I had a quad breaker that went bad. It had 30A outer pair for the dryer and 20A inner pair for my well pump. Both pairs were tied together so you could turn them on or off together - the mechanism tying them together was identical to the ones used on these Eaton's BQ220230 and BQC220230
After doing a ton of reading online I still have 3 specific questions:
1) I've read that these handles are for convenience (so you can turn them both on or off at the same time), and that they do NOT make the breaker in to a common trip breaker (i.e. even with the handles you can still have one side of a pair trip without causing the other to trip). I did see a thread here though, indicating that someone should add these handles to create a common trip. Is this correct? The handles tying each pair together do, or do not create a common trip?

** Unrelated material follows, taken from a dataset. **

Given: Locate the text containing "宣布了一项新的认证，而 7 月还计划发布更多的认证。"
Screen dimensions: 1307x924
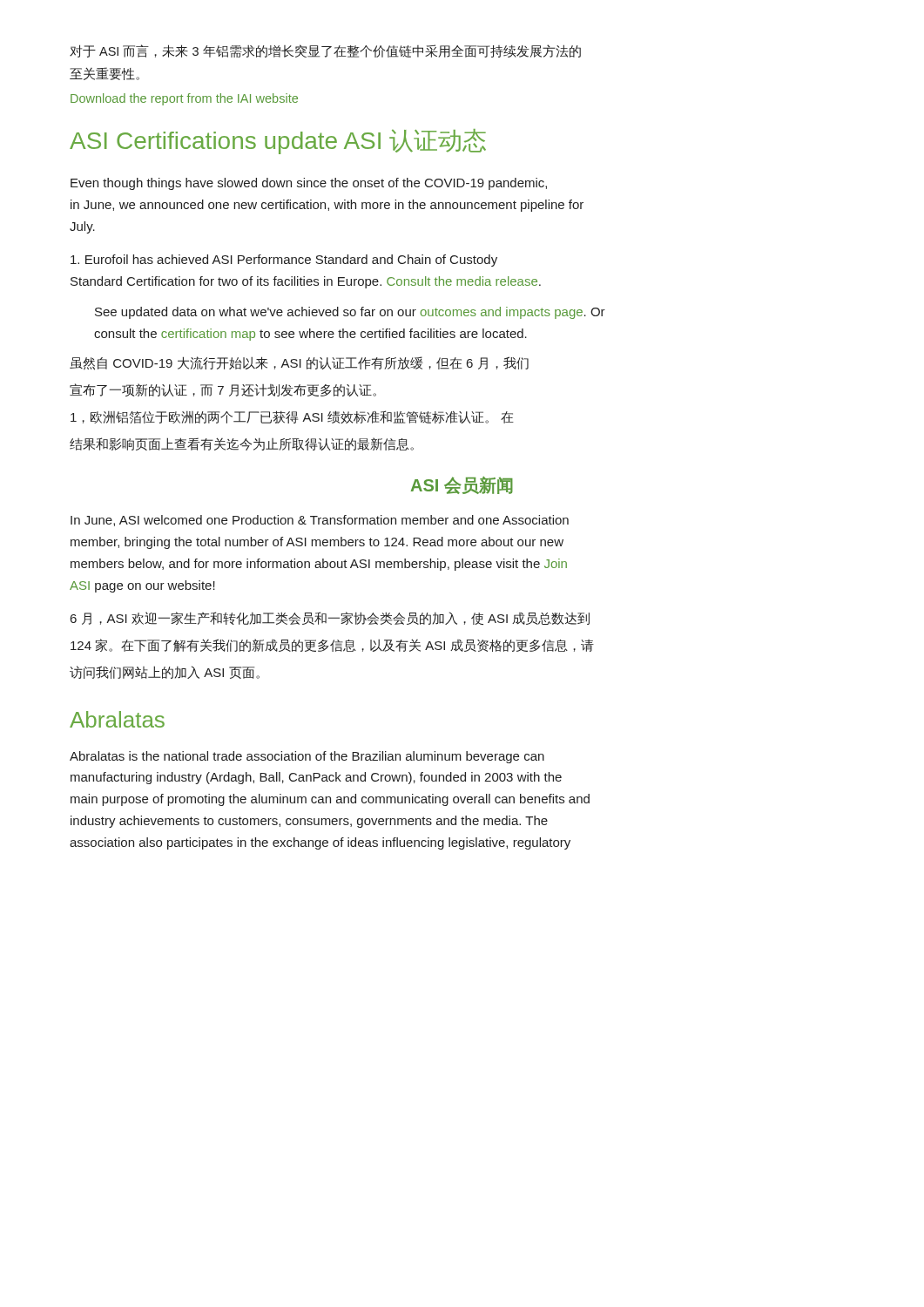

2) The breaker I'm replacing was labeled independent trip, and I see common trip models are available (the BQC varient mentioned above). Why wouldn't I want common trip? The failure I had was only one of the dryer breakers tripping (this was sort of ok because the dryer would work, it just wouldn't get hot). If this happened to my pump circuit though, wouldn't running it at 120v damage it? Is there any reason I don't understand that would make me want to use independent trip instead of common trip?
3) Last, I just wanted to confirm that for the BQC common trip mentioned above. The 'common' only applies to the other side of the same pair, and not to the other pair. I.e. if the top trips (dryer) it will also trip the bottom (dryer), but not trip the two centers (pump).